My son is so irritated by my ignorance of it, and so determined to rectify this gaping hole in my knowledge, that he can actually reel off the conjugation of any verb in the passato remoto when he has already reached that lovely warm, floppy stage kids go into when they have almost nodded off, I am on the last page, and he is even starting to snore a little bit.
Last night, Mowgli had already entered the Man-Cub village, Bagheera and Baloo were happily walking away, and I too was about to sneak out of my son’s bed and leave him for the night. He detected my tell-tale hesitation before a verb I did not know well enough, on the very last page, and suddenly started murmuring:
“Listen Mummy, it’s io andai, tu andasti, egli andò…. zZZZ Z zzzZZZZZZ ZZZZz Zzzz…….”
I suppose I should at least be happy that I get off more lightly than Hubby. You see, my Usband, e don’t speaka the English very well.
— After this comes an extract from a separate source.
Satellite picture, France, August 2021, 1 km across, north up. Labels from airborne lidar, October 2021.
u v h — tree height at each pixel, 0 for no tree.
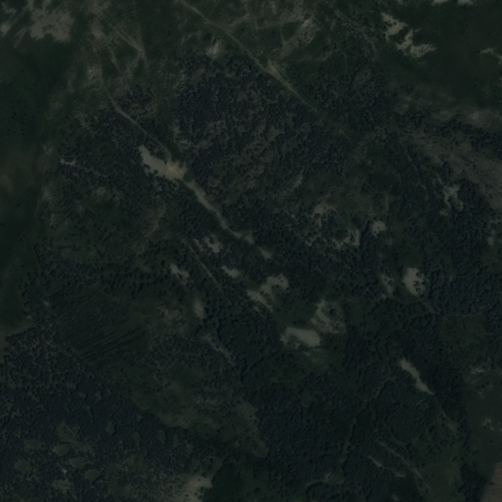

Our son sometimes provides interpreting services, but more often makes fun of him mercilessly.
Therefore Hubby was particularly amused to hear about our son’s Italian homework yesterday, in which he had to invent a sentence using the word ‘Gladiator’.
“Do you know what a gladiator is?” I asked him.
“Yes Mummy,” he answered, “It’s a man who just keeps gladiating wherever he goes.”